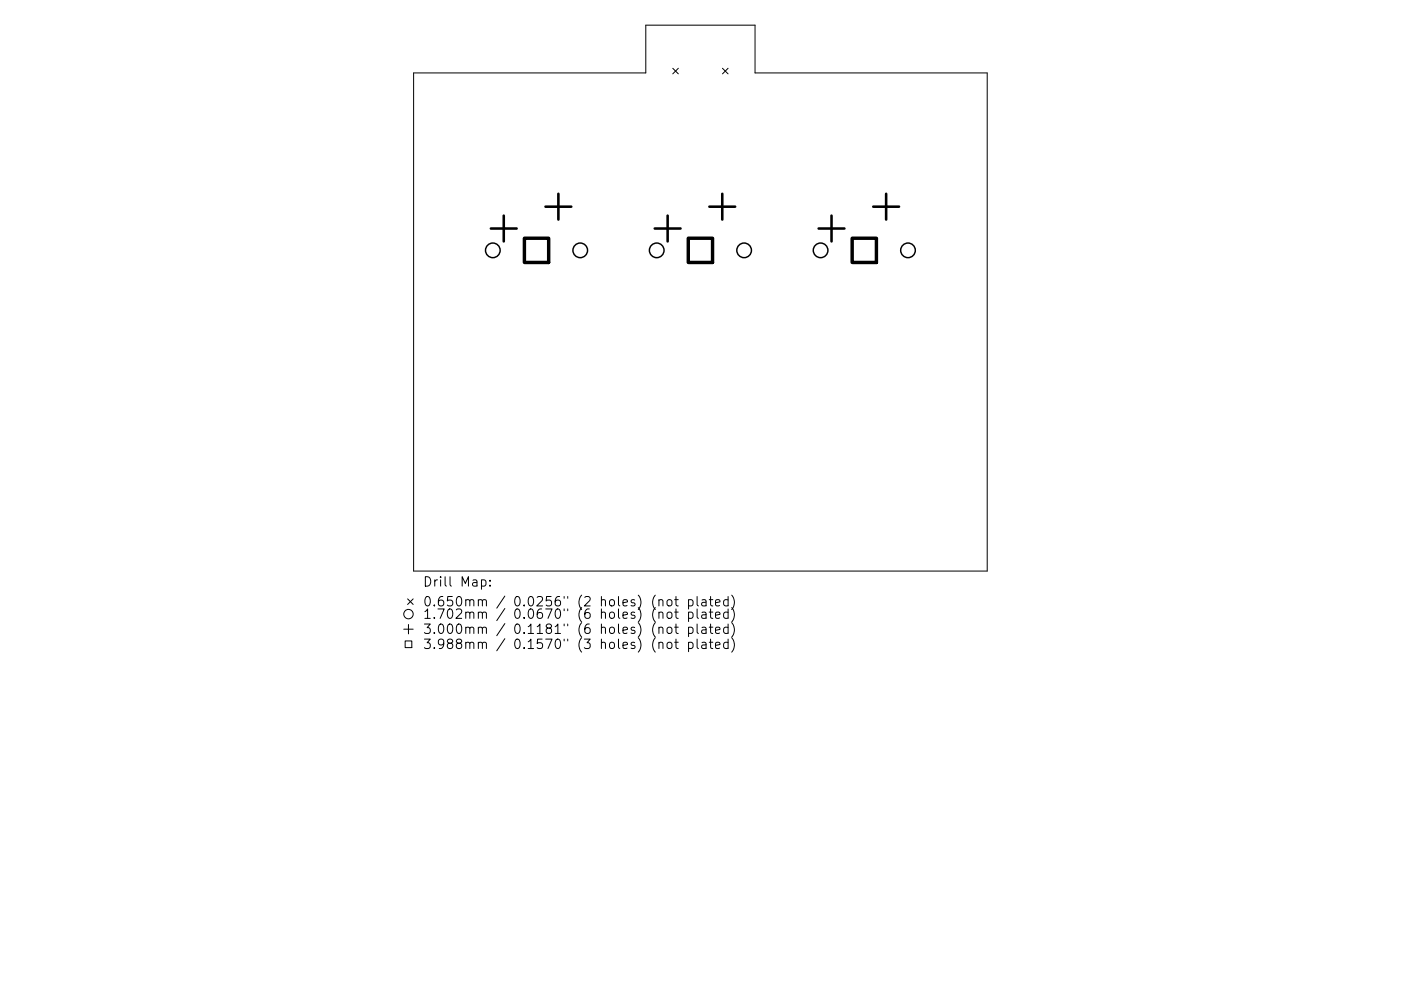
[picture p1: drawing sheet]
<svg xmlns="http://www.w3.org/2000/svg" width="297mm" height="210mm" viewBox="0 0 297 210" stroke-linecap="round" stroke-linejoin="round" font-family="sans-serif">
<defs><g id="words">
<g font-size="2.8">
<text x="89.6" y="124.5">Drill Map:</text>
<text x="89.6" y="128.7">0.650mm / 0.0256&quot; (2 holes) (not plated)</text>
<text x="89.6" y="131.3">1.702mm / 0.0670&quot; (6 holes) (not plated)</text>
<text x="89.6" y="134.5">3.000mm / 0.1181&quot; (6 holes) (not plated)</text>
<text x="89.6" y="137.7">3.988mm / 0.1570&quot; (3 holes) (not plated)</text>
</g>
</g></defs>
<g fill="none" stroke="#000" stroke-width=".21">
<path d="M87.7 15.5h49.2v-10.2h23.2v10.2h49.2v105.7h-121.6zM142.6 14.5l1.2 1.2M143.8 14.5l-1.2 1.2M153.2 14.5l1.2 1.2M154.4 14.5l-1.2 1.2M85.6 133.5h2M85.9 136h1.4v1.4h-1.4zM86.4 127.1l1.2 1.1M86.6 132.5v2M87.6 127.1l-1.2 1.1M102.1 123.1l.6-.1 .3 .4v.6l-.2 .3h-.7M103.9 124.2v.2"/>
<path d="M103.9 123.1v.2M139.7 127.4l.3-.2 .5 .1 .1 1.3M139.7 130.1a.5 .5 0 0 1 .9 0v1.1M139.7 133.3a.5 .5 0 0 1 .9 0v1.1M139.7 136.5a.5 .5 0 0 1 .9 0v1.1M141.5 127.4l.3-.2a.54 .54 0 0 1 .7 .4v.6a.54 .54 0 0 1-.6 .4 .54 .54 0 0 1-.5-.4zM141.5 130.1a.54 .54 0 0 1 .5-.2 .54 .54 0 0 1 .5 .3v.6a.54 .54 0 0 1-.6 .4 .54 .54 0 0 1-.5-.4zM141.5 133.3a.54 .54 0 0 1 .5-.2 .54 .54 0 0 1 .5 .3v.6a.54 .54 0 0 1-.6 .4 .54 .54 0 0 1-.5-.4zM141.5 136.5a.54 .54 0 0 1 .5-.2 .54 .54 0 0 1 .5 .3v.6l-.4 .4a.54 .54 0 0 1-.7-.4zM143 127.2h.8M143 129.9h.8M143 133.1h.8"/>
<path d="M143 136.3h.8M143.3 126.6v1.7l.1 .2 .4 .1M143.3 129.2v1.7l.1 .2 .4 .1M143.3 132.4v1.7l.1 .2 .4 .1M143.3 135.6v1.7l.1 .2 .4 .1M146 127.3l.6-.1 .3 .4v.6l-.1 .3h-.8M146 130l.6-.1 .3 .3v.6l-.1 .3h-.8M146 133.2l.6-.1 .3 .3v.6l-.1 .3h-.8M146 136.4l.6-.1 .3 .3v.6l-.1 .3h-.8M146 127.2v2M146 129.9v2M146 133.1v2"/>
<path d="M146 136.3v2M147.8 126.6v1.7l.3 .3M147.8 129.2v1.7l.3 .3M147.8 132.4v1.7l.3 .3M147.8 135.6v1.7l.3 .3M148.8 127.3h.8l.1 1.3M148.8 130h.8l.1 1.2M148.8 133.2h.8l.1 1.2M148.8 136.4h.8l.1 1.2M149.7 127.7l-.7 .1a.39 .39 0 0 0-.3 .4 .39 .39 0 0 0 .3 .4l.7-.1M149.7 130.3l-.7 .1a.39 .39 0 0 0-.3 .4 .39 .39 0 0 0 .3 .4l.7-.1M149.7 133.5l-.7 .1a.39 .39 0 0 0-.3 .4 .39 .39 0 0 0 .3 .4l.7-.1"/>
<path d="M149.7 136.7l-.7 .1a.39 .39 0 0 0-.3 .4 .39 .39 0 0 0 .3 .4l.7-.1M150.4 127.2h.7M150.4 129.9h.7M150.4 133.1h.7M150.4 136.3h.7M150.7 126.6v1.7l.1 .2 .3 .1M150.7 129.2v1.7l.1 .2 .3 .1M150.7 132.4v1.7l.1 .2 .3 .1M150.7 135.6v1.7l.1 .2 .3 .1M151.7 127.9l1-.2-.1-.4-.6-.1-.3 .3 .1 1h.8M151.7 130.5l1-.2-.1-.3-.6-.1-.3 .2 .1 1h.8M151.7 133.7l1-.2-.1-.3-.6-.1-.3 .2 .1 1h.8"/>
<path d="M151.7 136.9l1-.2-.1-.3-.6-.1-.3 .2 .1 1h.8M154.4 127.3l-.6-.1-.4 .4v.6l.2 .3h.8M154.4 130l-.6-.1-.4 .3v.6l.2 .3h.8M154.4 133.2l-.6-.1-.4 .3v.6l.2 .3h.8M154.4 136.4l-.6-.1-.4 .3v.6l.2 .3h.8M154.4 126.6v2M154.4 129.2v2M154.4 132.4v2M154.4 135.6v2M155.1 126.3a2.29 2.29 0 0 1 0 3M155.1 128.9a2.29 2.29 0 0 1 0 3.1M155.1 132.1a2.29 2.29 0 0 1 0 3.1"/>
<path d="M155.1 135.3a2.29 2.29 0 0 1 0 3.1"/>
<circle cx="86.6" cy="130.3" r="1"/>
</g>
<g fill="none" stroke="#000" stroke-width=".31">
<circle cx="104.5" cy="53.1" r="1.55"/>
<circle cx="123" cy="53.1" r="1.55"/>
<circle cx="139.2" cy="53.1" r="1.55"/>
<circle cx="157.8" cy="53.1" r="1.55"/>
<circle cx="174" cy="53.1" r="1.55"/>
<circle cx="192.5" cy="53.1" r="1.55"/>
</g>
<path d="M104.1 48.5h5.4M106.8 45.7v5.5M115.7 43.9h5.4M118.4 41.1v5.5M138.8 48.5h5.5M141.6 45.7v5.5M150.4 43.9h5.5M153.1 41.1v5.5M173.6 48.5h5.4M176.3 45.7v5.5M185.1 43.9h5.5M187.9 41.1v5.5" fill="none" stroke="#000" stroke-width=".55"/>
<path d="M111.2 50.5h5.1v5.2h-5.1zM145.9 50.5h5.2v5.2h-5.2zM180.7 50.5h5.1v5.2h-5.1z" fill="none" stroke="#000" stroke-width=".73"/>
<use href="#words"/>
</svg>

▶ _What you need to do_
All lines from the start of the entries through the one with "(2 holes) (not plated)</text>" are to be output exactly; omit the pictures.

▶ _Answer for this exercise_
[picture p1: drawing sheet]
<svg xmlns="http://www.w3.org/2000/svg" width="297mm" height="210mm" viewBox="0 0 297 210" stroke-linecap="round" stroke-linejoin="round" font-family="sans-serif">
<defs><g id="words">
<g font-size="2.8">
<text x="89.6" y="124.5">Drill Map:</text>
<text x="89.6" y="128.7">0.650mm / 0.0256&quot; (2 holes) (not plated)</text>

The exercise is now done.